Exercise requirements | All the lines below should appear again unchanged, though their pictures should not.

Data block |
○ ○ ○ ○ ○
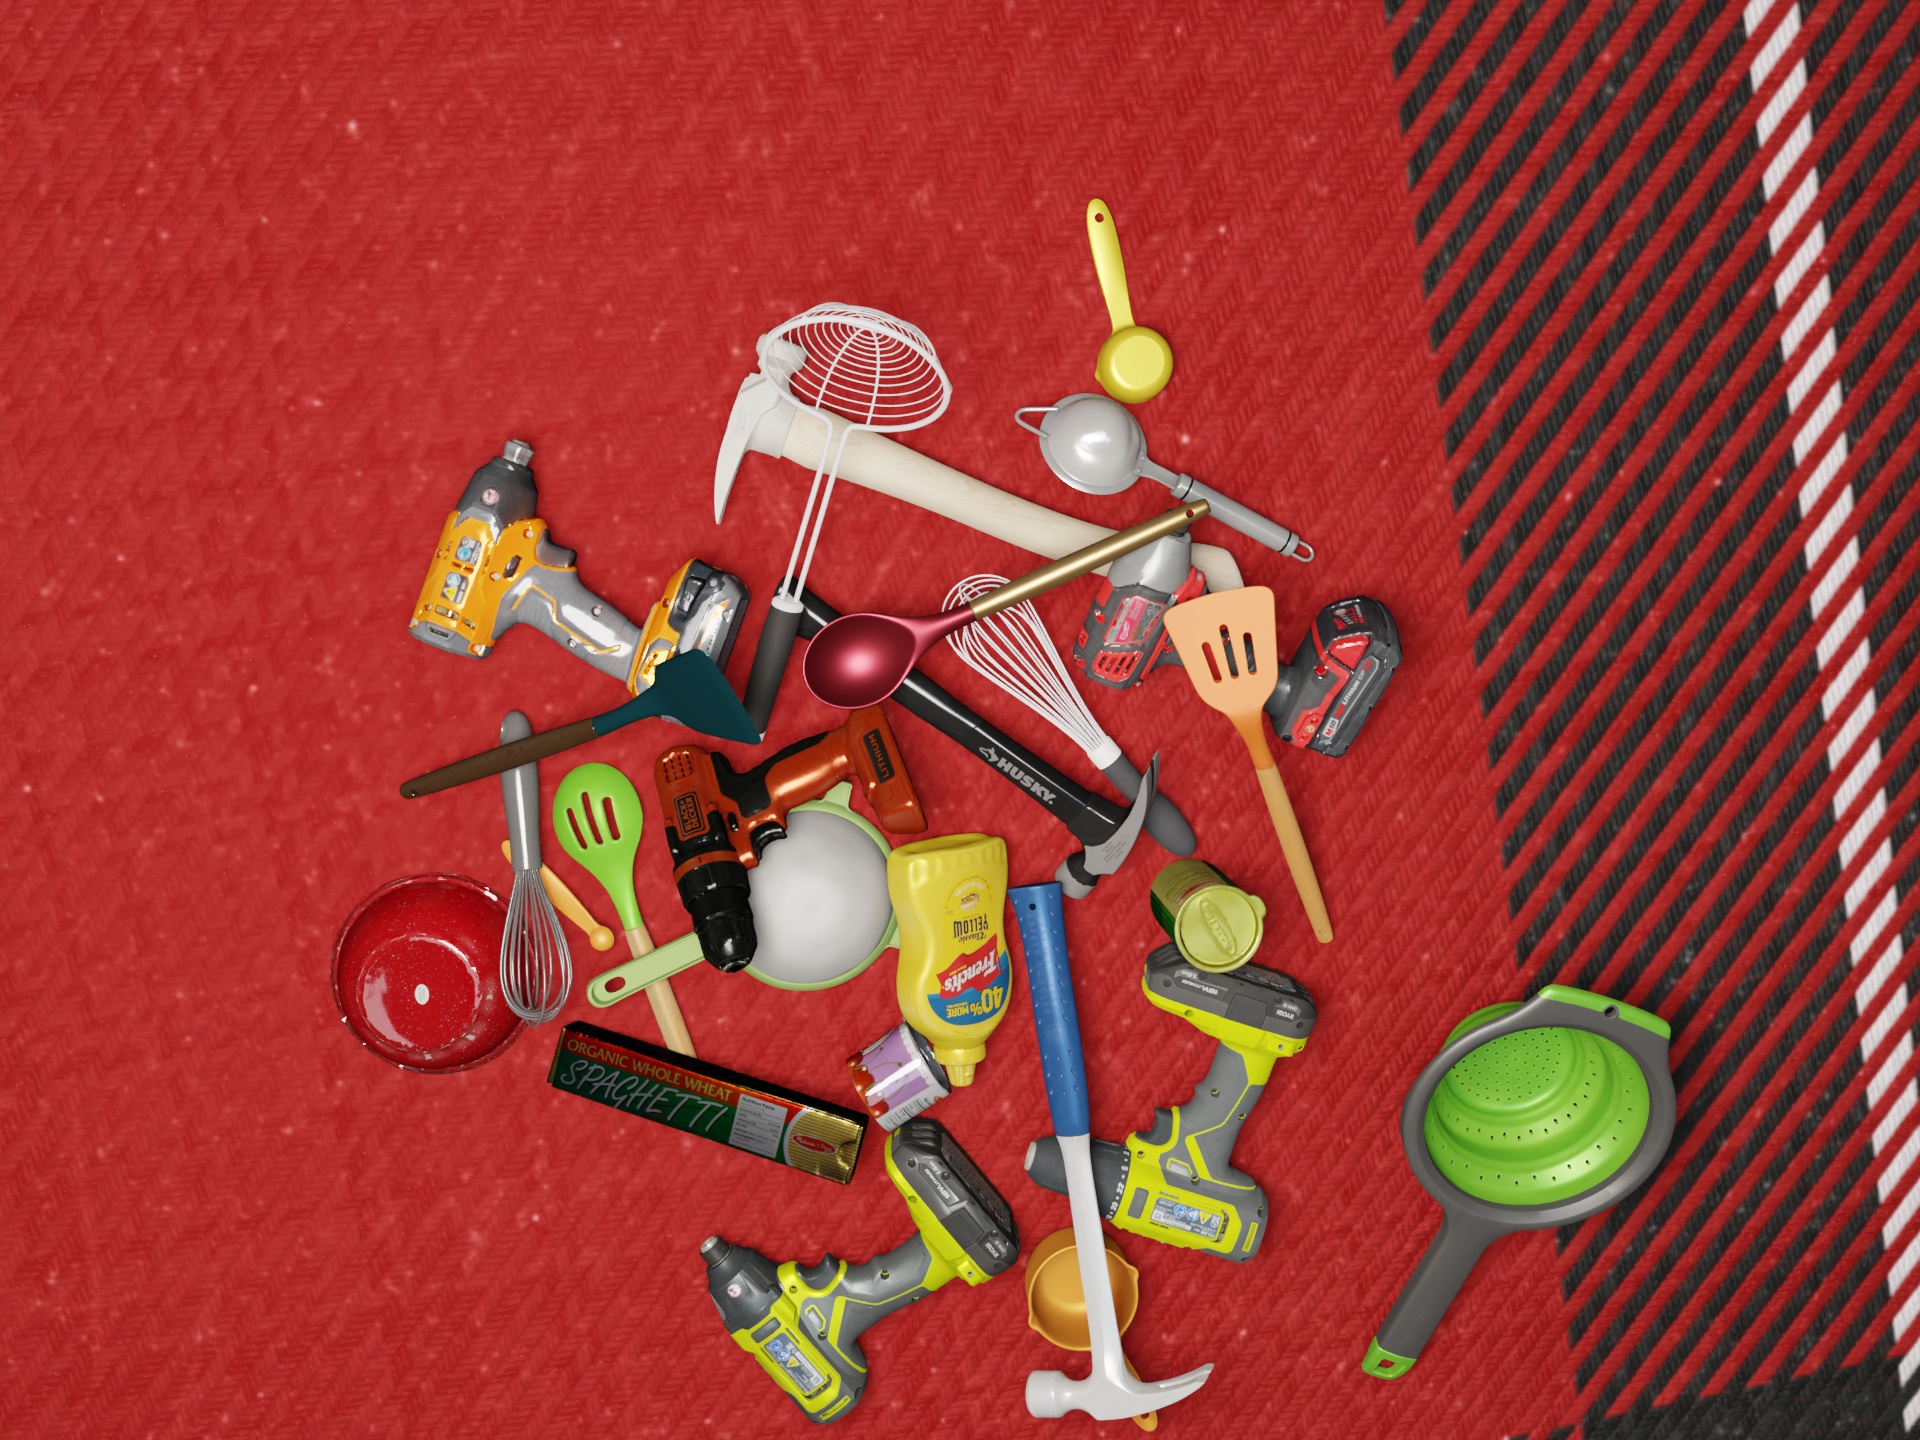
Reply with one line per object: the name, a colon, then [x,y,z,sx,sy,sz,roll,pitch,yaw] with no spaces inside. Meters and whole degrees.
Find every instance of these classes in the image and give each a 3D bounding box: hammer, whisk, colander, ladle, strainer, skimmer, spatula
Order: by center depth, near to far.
○ ○ ○ ○ ○
Task solution |
Reply with one line per object: the name, a colon, then [x,y,z,sx,sy,sz,roll,pitch,yaw] with no spaces inside. Meters and whole degrees.
Find every instance of these classes in the image and give each a 3D bounding box: hammer, whisk, colander, ladle, strainer, skimmer, spatula
Order: by center depth, near to far.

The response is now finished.